Lauer Eric Andrew, Houtenville Andrew J
Institute on Disability, College of Health and Human Services, University of New Hampshire, Durham, New Hampshire, USA.
Institute on Disability, Peter T. Paul College of Business and Economics, University of New Hampshire, Durham, New Hampshire, USA.
BMJ Open. 2018 Feb 14;8(2):e017828. doi: 10.1136/bmjopen-2017-017828.
A national priority for disability research in the USA is the standardised identification of people with disabilities in surveillance efforts. Mandated by federal statute, six dichotomous difficulty-focused questions were implemented in national surveys to identify people with disabilities. The aim of this study was to assess the prevalence, demographic characteristics and social factors among people with disabilities based on these six questions using multiple national surveys in the USA.
American Community Survey (ACS), Current Population Survey Annual Social and Economic Supplement (CPS-ASEC), National Health Interview Survey (NHIS) and the Survey of Income and Program Participation (SIPP).
Civilian, non-institutionalised US residents aged 18 and over from the 2009 to 2014 ACS, 2009 to 2014 CPS-ASEC, 2009 to 2014 NHIS and 2008 SIPP waves 3, 7 and 10.

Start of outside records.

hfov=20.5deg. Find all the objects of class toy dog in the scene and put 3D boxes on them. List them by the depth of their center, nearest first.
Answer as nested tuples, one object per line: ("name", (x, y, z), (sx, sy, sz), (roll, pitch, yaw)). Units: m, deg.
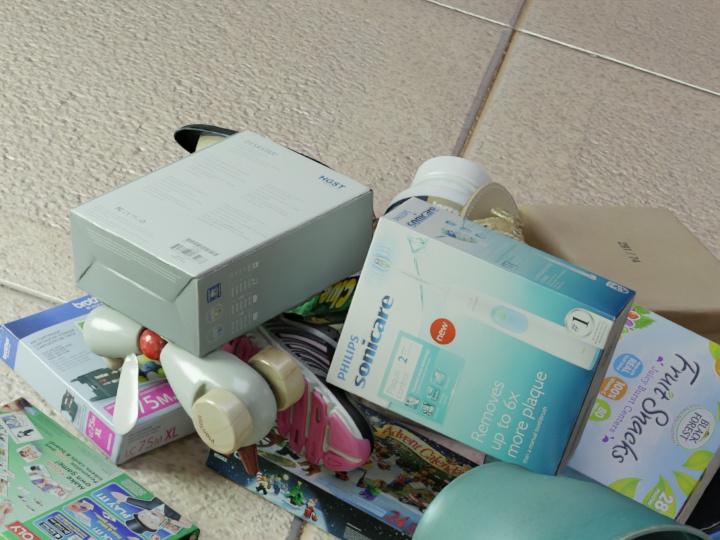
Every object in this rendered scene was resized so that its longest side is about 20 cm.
("toy dog", (-0.132, 0.098, 1.583), (0.131, 0.097, 0.200), (-16, 35, -27))

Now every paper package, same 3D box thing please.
("paper package", (0.263, 0.025, 1.951), (0.190, 0.104, 0.200), (-1, 32, -27))

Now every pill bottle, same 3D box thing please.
("pill bottle", (0.063, -0.007, 1.830), (0.110, 0.111, 0.201), (18, 52, 4))

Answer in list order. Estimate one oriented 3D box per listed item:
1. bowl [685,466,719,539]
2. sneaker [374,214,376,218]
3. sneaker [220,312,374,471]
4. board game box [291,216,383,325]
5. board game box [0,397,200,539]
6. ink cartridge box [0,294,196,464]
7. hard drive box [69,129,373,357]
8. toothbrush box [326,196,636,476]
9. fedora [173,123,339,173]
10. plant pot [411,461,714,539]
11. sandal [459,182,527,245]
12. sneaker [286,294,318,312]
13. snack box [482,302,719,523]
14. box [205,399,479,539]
("bowl", (0.246, 0.168, 1.699), (0.199, 0.040, 0.201), (5, 45, -5))
("sneaker", (-0.042, -0.033, 1.924), (0.115, 0.079, 0.200), (-9, 36, -40))
("sneaker", (-0.037, 0.089, 1.632), (0.087, 0.074, 0.200), (-14, 36, -33))
("board game box", (0.000, 0.000, 1.758), (0.023, 0.105, 0.200), (33, -15, -17))
("board game box", (-0.239, 0.176, 1.506), (0.200, 0.029, 0.134), (32, 33, 27))
("ink cartridge box", (-0.217, 0.077, 1.673), (0.119, 0.042, 0.200), (-20, 43, -41))
("hard drive box", (-0.111, -0.027, 1.622), (0.155, 0.077, 0.200), (27, 41, 36))
("toothbrush box", (0.093, 0.051, 1.553), (0.199, 0.147, 0.085), (25, 20, 13))
("fedora", (-0.098, -0.062, 1.842), (0.200, 0.092, 0.201), (21, -9, 3))
("plant pot", (0.137, 0.237, 1.441), (0.199, 0.201, 0.188), (-5, 21, -33))
("sandal", (0.119, -0.004, 1.746), (0.078, 0.069, 0.212), (45, 49, -19))
("sneaker", (-0.086, 0.004, 1.715), (0.199, 0.093, 0.071), (-33, 81, -12))
("snack box", (0.222, 0.125, 1.662), (0.168, 0.068, 0.200), (27, 49, 18))
("box", (-0.008, 0.163, 1.637), (0.199, 0.038, 0.137), (26, 30, 17))
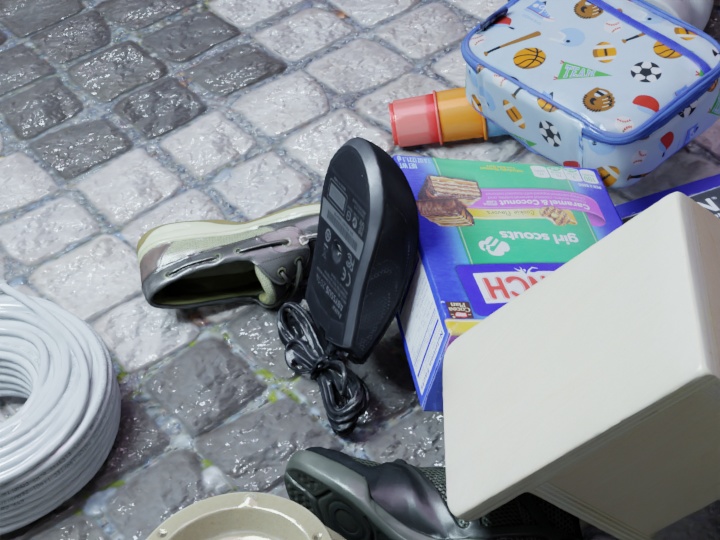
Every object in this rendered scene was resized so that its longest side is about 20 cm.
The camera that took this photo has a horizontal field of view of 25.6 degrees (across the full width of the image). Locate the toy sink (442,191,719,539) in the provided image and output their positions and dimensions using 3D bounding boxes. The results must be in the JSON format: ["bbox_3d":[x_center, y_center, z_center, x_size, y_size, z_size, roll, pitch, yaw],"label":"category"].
[{"bbox_3d":[0.156,0.074,0.941,0.200,0.111,0.131,-37,37,35],"label":"toy sink"}]

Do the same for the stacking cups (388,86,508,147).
[{"bbox_3d":[0.124,-0.136,1.347,0.198,0.061,0.061,-9,40,7],"label":"stacking cups"}]

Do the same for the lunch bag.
[{"bbox_3d":[0.184,-0.162,1.266,0.160,0.076,0.200,-37,55,-20],"label":"lunch bag"}]

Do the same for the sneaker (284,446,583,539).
[{"bbox_3d":[0.053,0.148,1.006,0.198,0.077,0.114,19,45,24],"label":"sneaker"}]

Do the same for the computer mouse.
[{"bbox_3d":[0.000,0.000,1.108,0.052,0.202,0.139,-1,33,-25],"label":"computer mouse"}]

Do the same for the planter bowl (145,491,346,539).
[{"bbox_3d":[-0.064,0.214,0.900,0.198,0.136,0.201,-5,41,4],"label":"planter bowl"}]

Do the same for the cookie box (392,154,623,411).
[{"bbox_3d":[0.111,0.008,1.124,0.169,0.076,0.201,3,39,-16],"label":"cookie box"}]

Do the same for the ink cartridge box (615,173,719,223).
[{"bbox_3d":[0.287,-0.024,1.190,0.196,0.044,0.201,-18,40,-10],"label":"ink cartridge box"}]

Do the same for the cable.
[{"bbox_3d":[-0.270,0.100,1.121,0.198,0.070,0.200,19,48,28],"label":"cable"}]

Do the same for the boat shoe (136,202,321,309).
[{"bbox_3d":[-0.071,-0.003,1.211,0.198,0.072,0.067,-5,53,-2],"label":"boat shoe"}]

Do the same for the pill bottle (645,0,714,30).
[{"bbox_3d":[0.265,-0.263,1.419,0.110,0.112,0.201,7,42,17],"label":"pill bottle"}]
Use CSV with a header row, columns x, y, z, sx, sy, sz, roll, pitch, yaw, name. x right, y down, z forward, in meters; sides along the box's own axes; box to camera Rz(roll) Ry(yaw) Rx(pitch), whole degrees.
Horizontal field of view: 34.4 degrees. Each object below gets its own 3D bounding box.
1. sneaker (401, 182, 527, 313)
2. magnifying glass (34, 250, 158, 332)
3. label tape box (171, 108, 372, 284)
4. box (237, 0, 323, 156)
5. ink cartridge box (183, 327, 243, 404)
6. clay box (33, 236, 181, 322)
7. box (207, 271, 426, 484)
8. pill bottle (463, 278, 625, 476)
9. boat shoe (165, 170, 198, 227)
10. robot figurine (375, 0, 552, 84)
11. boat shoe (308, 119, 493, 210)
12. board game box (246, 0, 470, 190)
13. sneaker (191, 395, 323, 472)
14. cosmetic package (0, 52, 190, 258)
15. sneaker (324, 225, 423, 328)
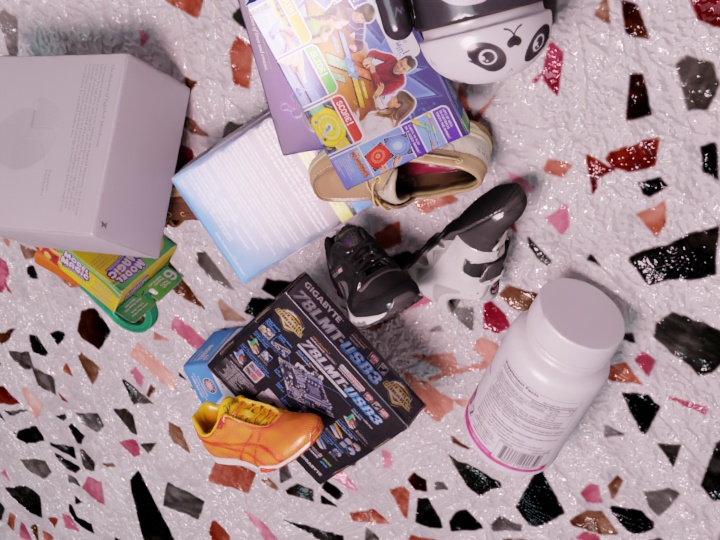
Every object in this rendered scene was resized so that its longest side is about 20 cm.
x,y,z,sx,sy,sz,roll,pitch,yaw,name
0.125,-0.018,1.198,0.089,0.074,0.200,45,145,-3,sneaker
-0.359,0.021,1.580,0.198,0.022,0.080,25,131,14,magnifying glass
-0.084,-0.099,1.272,0.198,0.066,0.144,-31,102,15,label tape box
-0.031,-0.227,1.126,0.139,0.079,0.203,-10,116,13,box
-0.101,0.147,1.448,0.198,0.084,0.146,-9,115,36,ink cartridge box
-0.321,-0.034,1.450,0.199,0.115,0.048,37,134,6,clay box
-0.054,0.127,1.307,0.200,0.050,0.198,46,136,-2,box
0.191,0.111,1.211,0.113,0.113,0.201,32,132,10,pill bottle
-0.236,-0.081,1.390,0.197,0.072,0.068,-2,117,32,boat shoe
0.095,-0.262,0.997,0.148,0.125,0.203,-7,103,30,robot figurine
0.035,-0.098,1.167,0.197,0.067,0.074,-12,138,24,boat shoe
0.001,-0.189,1.075,0.134,0.035,0.202,-22,113,16,board game box
-0.123,0.179,1.311,0.198,0.073,0.078,-10,120,42,sneaker
-0.317,-0.129,1.313,0.197,0.122,0.203,5,81,32,cosmetic package
0.000,0.000,1.235,0.089,0.075,0.200,66,167,-13,sneaker
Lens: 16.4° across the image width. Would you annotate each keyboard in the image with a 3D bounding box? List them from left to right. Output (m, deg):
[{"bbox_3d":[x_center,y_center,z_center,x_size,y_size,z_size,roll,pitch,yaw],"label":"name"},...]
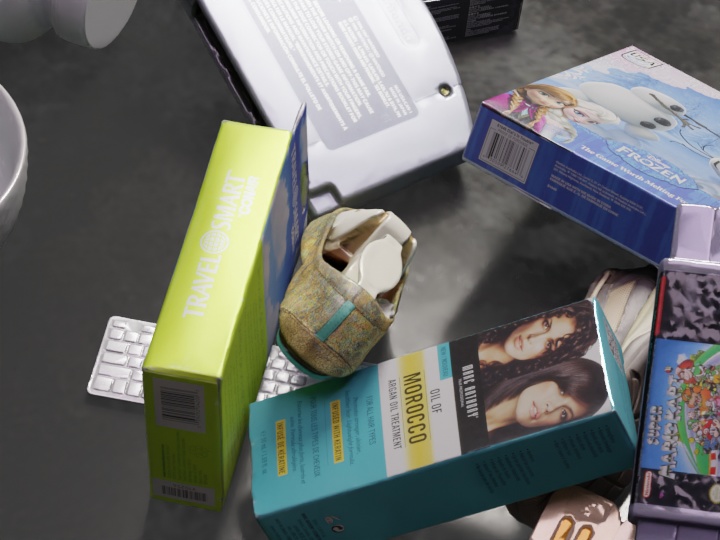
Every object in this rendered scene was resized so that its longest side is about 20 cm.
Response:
[{"bbox_3d":[-0.051,0.066,1.410,0.200,0.011,0.056,10,46,5],"label":"keyboard"}]

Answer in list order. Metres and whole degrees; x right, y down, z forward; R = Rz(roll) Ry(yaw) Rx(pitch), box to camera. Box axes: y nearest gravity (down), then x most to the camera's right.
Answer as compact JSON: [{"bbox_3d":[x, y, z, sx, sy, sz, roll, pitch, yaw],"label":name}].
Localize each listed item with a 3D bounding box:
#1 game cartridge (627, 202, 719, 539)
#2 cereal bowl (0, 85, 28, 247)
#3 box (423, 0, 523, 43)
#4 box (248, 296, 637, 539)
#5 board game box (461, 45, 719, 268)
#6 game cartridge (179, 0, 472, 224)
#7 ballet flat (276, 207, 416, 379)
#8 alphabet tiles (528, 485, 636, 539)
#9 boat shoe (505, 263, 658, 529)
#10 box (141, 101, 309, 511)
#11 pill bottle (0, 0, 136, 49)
[{"bbox_3d":[0.207,0.068,1.265,0.129,0.038,0.200,7,76,6],"label":"game cartridge"},{"bbox_3d":[-0.291,-0.043,1.441,0.200,0.083,0.200,3,46,-3],"label":"cereal bowl"},{"bbox_3d":[-0.013,-0.208,1.652,0.200,0.049,0.161,-12,53,-16],"label":"box"},{"bbox_3d":[0.042,0.086,1.318,0.200,0.049,0.082,-18,45,13],"label":"box"},{"bbox_3d":[0.194,-0.058,1.483,0.200,0.043,0.199,30,27,22],"label":"board game box"},{"bbox_3d":[-0.018,-0.135,1.548,0.133,0.042,0.200,-21,71,-24],"label":"game cartridge"},{"bbox_3d":[0.000,0.000,1.393,0.071,0.071,0.200,10,20,4],"label":"ballet flat"},{"bbox_3d":[0.170,0.188,1.274,0.200,0.015,0.196,23,68,16],"label":"alphabet tiles"},{"bbox_3d":[0.125,0.069,1.393,0.073,0.075,0.200,12,42,31],"label":"boat shoe"},{"bbox_3d":[-0.072,0.015,1.367,0.048,0.122,0.200,10,51,6],"label":"box"},{"bbox_3d":[-0.242,-0.210,1.588,0.200,0.112,0.112,22,48,15],"label":"pill bottle"}]
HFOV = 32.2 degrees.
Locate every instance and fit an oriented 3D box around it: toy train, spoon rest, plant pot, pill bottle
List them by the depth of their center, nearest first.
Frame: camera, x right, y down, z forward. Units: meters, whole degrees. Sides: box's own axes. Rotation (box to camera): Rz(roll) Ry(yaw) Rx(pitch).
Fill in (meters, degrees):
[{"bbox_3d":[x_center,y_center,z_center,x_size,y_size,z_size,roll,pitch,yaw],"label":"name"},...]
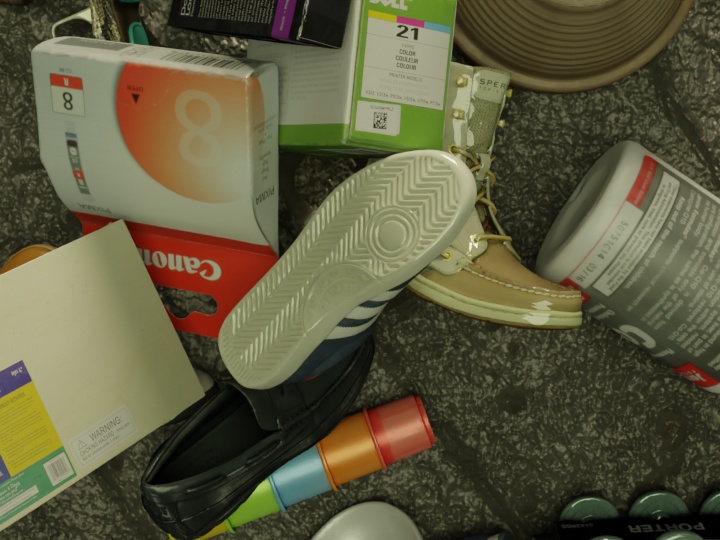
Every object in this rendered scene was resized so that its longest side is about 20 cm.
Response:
[{"bbox_3d":[0.138,-0.221,0.831,0.199,0.093,0.203,0,96,1],"label":"plant pot"},{"bbox_3d":[0.230,0.011,0.846,0.199,0.114,0.114,33,95,-4],"label":"pill bottle"},{"bbox_3d":[-0.033,0.249,0.889,0.200,0.061,0.099,-46,50,7],"label":"spoon rest"},{"bbox_3d":[0.218,0.223,0.891,0.198,0.085,0.115,-2,108,-2],"label":"toy train"}]

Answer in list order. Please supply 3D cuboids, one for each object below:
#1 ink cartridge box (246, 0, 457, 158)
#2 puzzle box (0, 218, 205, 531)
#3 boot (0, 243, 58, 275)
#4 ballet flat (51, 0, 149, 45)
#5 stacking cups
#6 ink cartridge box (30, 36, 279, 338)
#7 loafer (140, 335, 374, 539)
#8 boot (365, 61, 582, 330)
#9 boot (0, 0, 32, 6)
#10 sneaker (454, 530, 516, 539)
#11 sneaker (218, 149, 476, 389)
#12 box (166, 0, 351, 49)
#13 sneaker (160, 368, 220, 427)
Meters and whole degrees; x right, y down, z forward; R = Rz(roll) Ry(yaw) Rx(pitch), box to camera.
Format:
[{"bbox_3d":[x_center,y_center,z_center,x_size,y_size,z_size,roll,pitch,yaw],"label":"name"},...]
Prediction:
[{"bbox_3d":[-0.007,-0.176,0.800,0.075,0.147,0.202,5,93,-32],"label":"ink cartridge box"},{"bbox_3d":[-0.194,0.062,0.764,0.025,0.200,0.134,-17,99,41],"label":"puzzle box"},{"bbox_3d":[-0.247,0.084,0.774,0.070,0.144,0.202,28,100,0],"label":"boot"},{"bbox_3d":[-0.175,-0.175,0.849,0.075,0.068,0.202,0,100,9],"label":"ballet flat"},{"bbox_3d":[-0.045,0.138,0.893,0.199,0.061,0.061,-21,96,-3],"label":"stacking cups"},{"bbox_3d":[-0.134,-0.045,0.819,0.161,0.050,0.202,10,112,21],"label":"ink cartridge box"},{"bbox_3d":[-0.067,0.097,0.846,0.068,0.071,0.200,35,66,31],"label":"loafer"},{"bbox_3d":[0.075,-0.055,0.816,0.199,0.072,0.156,24,100,38],"label":"boot"},{"bbox_3d":[-0.259,-0.277,0.836,0.145,0.070,0.201,26,89,5],"label":"boot"},{"bbox_3d":[0.093,0.289,0.908,0.081,0.070,0.202,-11,94,18],"label":"sneaker"},{"bbox_3d":[0.000,0.000,0.788,0.200,0.084,0.075,-39,69,20],"label":"sneaker"},{"bbox_3d":[-0.058,-0.217,0.783,0.036,0.200,0.144,8,98,-34],"label":"box"},{"bbox_3d":[-0.202,0.055,0.871,0.200,0.067,0.109,-4,99,3],"label":"sneaker"}]
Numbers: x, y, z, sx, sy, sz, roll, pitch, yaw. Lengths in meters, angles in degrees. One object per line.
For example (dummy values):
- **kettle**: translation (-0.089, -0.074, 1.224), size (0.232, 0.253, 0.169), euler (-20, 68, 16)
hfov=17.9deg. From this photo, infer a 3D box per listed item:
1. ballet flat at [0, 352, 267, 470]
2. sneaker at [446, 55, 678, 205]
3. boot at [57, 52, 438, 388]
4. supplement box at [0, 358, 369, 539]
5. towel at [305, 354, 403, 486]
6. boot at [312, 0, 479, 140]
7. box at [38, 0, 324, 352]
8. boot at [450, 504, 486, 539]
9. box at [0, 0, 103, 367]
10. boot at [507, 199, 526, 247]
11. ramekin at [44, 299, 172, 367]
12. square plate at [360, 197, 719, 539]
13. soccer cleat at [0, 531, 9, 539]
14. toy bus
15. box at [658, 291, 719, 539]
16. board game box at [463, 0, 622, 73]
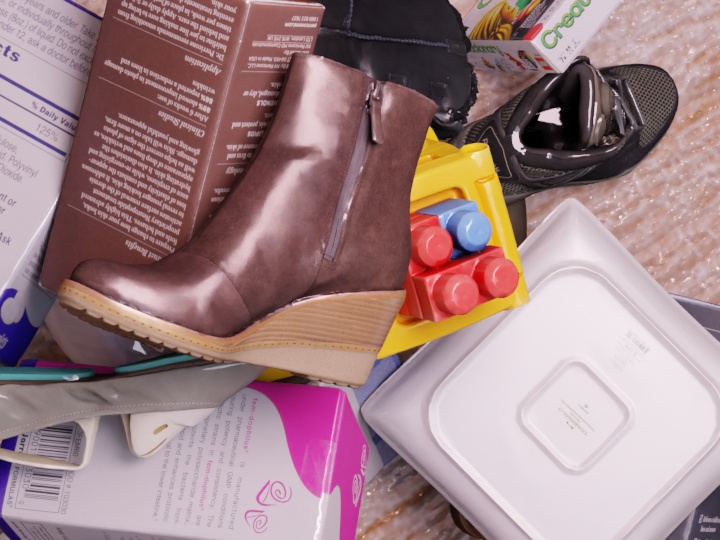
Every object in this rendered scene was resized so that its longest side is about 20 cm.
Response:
- **ballet flat**: translation (-0.143, 0.079, 1.300), size (0.199, 0.067, 0.064), euler (-6, 91, 6)
- **sneaker**: translation (0.160, -0.102, 1.525), size (0.199, 0.114, 0.076), euler (-18, 85, -37)
- **boot**: translation (-0.056, -0.034, 1.196), size (0.200, 0.072, 0.167), euler (13, 89, -34)
- **supplement box**: translation (-0.104, 0.124, 1.355), size (0.199, 0.103, 0.102), euler (5, 66, 13)
- **towel**: translation (-0.044, 0.131, 1.482), size (0.200, 0.024, 0.147), euler (-42, 148, -13)
- **boot**: translation (-0.006, -0.173, 1.480), size (0.162, 0.073, 0.199), euler (4, 71, -37)
- **box**: translation (-0.099, -0.066, 1.251), size (0.075, 0.100, 0.201), euler (-3, 114, -54)
- **boot**: translation (0.132, 0.097, 1.568), size (0.073, 0.075, 0.201), euler (24, 85, -21)
- **box**: translation (-0.237, -0.076, 1.334), size (0.184, 0.105, 0.200), euler (29, 84, 11)
- **boot**: translation (0.103, 0.027, 1.527), size (0.075, 0.097, 0.201), euler (9, 85, -31)
- **ramekin**: translation (-0.101, -0.009, 1.445), size (0.200, 0.098, 0.201), euler (-3, 97, -23)
- **square plate**: translation (0.135, 0.090, 1.453), size (0.200, 0.028, 0.198), euler (45, 92, 4)
- **soccer cleat**: translation (-0.164, 0.136, 1.451), size (0.200, 0.069, 0.078), euler (-36, 105, -13)
- **toy bus**: translation (0.000, 0.000, 1.332), size (0.199, 0.192, 0.136), euler (-20, 105, -20)
- **box**: translation (0.206, 0.118, 1.547), size (0.148, 0.107, 0.201), euler (17, 88, -66)
- **board game box**: translation (0.154, -0.215, 1.517), size (0.035, 0.126, 0.200), euler (44, 78, -21)
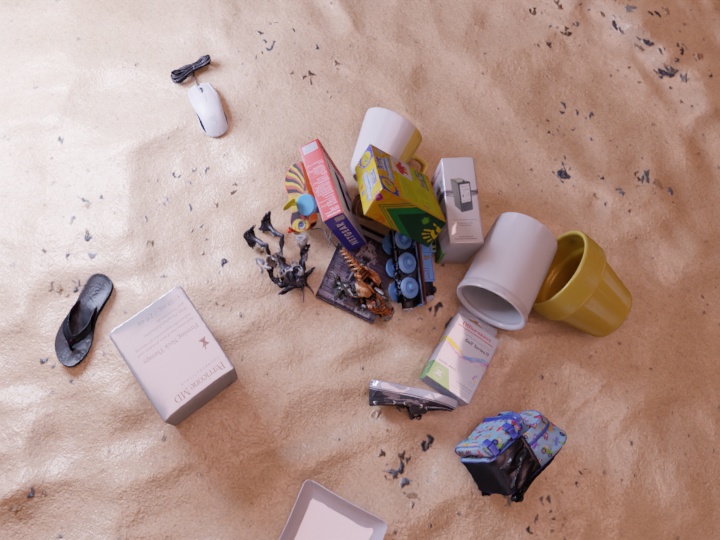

Disability was assessed using six standardised questions asking people about hearing, vision, cognition, ambulatory, self-care and independent living disabilities. Social factors were assessed with questions asking people to report their education, employment status, family size, health and marital status, health insurance and income.
Risk ratios and demographic distributions for people with disabilities were consistent across survey. People with disabilities were at decreased risk of having college education, employment, families with three or more people, excellent or very good self-reported health and a spouse. People with disabilities were also consistently at greater risk of having health insurance and living below the poverty line. Estimates of disability prevalence varied between surveys from 2009 to 2014 (range 11.76%-17.08%).
Replicating the existing literature, we found the estimation of disparities and inequity people with disabilities experience to be consistent across survey. Although there was a range of prevalence estimates, demographic factors for people with disabilities were consistent across surveys. Variations in prevalence estimates can be explained by survey context effects.
美国残疾研究的一项国家优先事项是在监测工作中对残疾人进行标准化识别。根据联邦法规的要求,在全国性调查中实施了六个以困难为重点的二分法问题,以识别残疾人。本研究的目的是利用美国多项全国性调查,根据这六个问题评估残疾人的患病率、人口特征和社会因素。
美国社区调查(ACS)、当前人口调查年度社会和经济补充调查(CPS-ASEC)、国家健康访谈调查(NHIS)以及收入与项目参与调查(SIPP)。
2009年至2014年美国社区调查、2009年至2014年当前人口调查年度社会和经济补充调查、2009年至2014年国家健康访谈调查以及2008年收入与项目参与调查第3、7和10轮中18岁及以上的美国平民、非机构化居民。
使用六个标准化问题评估残疾情况,这些问题询问人们的听力、视力、认知、行动、自我护理和独立生活方面的残疾情况。通过询问人们报告其教育程度、就业状况、家庭规模、健康和婚姻状况、健康保险和收入的问题来评估社会因素。
不同调查中残疾人的风险比率和人口分布情况一致。残疾人接受大学教育、就业、拥有三个或更多成员家庭、自我报告健康状况良好或非常好以及有配偶的风险较低。残疾人拥有健康保险和生活在贫困线以下的风险也一直较高。2009年至2014年不同调查中残疾患病率的估计值有所不同(范围为11.76%-17.08%)。
与现有文献一致,我们发现不同调查中对残疾人所经历的差异和不平等的估计是一致的。尽管患病率估计值存在一定范围,但残疾人的人口因素在不同调查中是一致的。患病率估计值的差异可由调查背景效应来解释。